Pages

Friday, July 03, 2009

If You Can't Beat Them, Join Them

Cross-border tribal relations that make European-drawn boundaries have bedeviled African development. The United Nations-based system has made it virtually impossible to redraw the maps based on either negotiations or conquest.

The African states themselves have expended great effort to defend those lines even as they complain about their effects.

Even in the sad case of Somalia, the international system insists that the nonsensical state of Somalia should still exist rather than accepting regional governments able to exercise some de facto sovereignty as new members of the system.
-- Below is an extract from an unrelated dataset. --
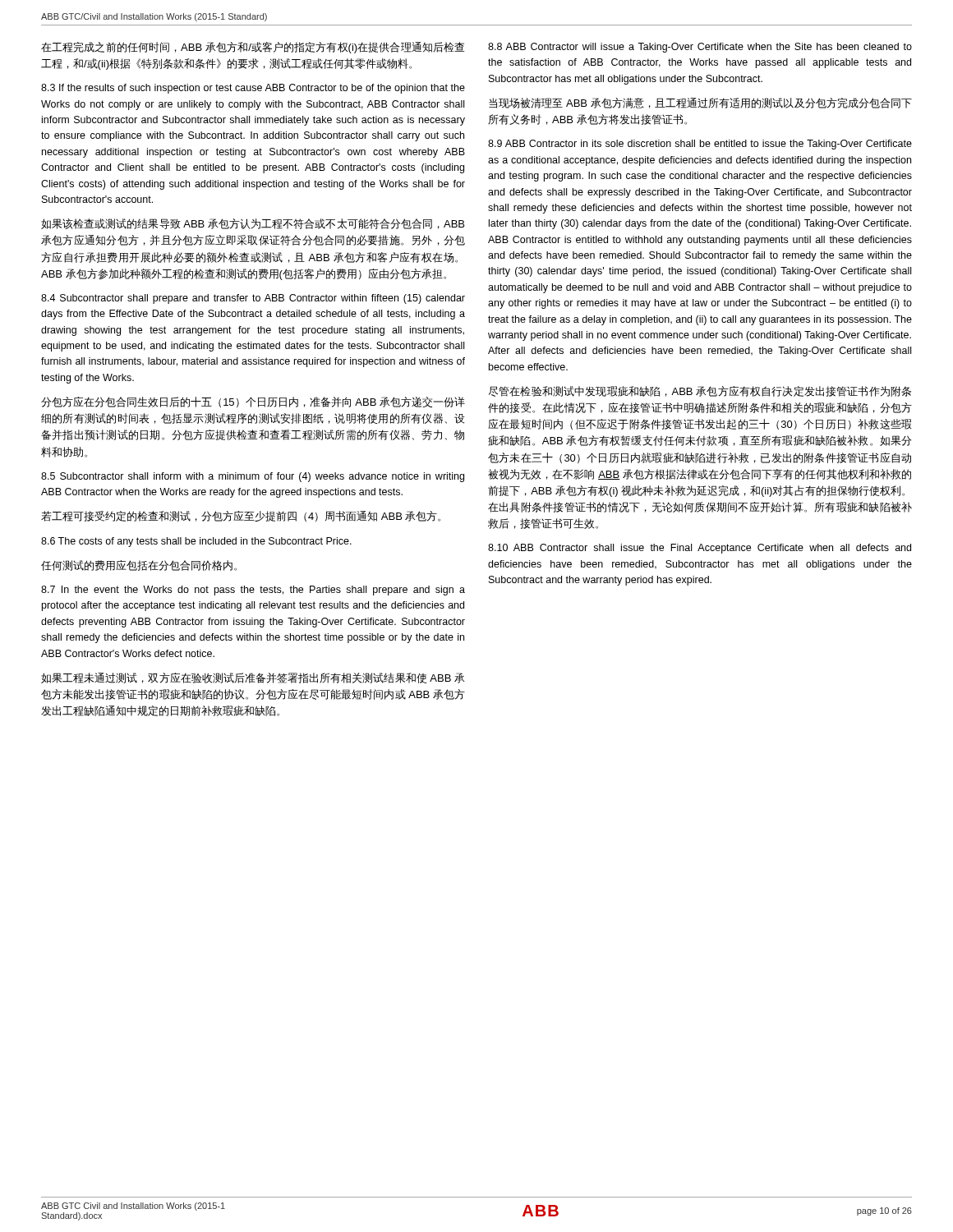Select the text starting "7 In the event the Works"
The image size is (953, 1232).
tap(253, 622)
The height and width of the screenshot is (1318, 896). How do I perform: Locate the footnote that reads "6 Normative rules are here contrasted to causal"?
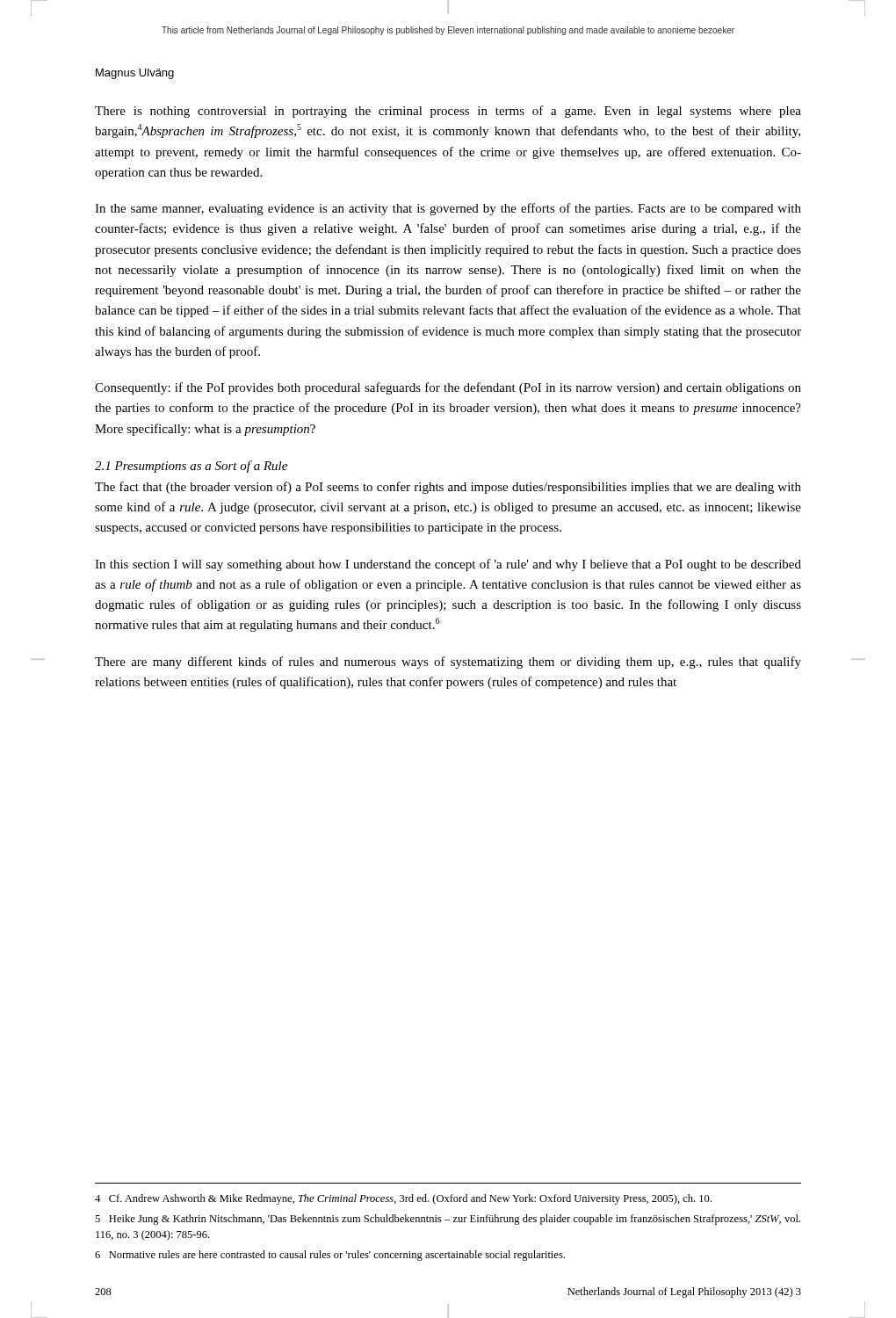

But if you can't beat the lines on the map, perhaps it is better to join them. The African Union is being strengthened:


A document enhancing the powers of the African Union's executive body was approved at about 4 a.m. (0200 GMT) after many hours of discussions at the summit, Benin's Foreign Minister Jean-Marie Ehouzou, told reporters.

"We haven given agreement for the coordination of foreign affairs and defense," he said.

"The states are ready to cede a little bit a part of their sovereignty for the benefit of the (Union)."

The document has to be ratified by member states' parliaments before it comes into force.


Perhaps making the lines on the map less important is the way to move Africa forward. Lord knows I think it is folly to do this in Europe, but Africa's problems are so great that perhaps this will reduce the amount of their limited resources expended on battles over those lines.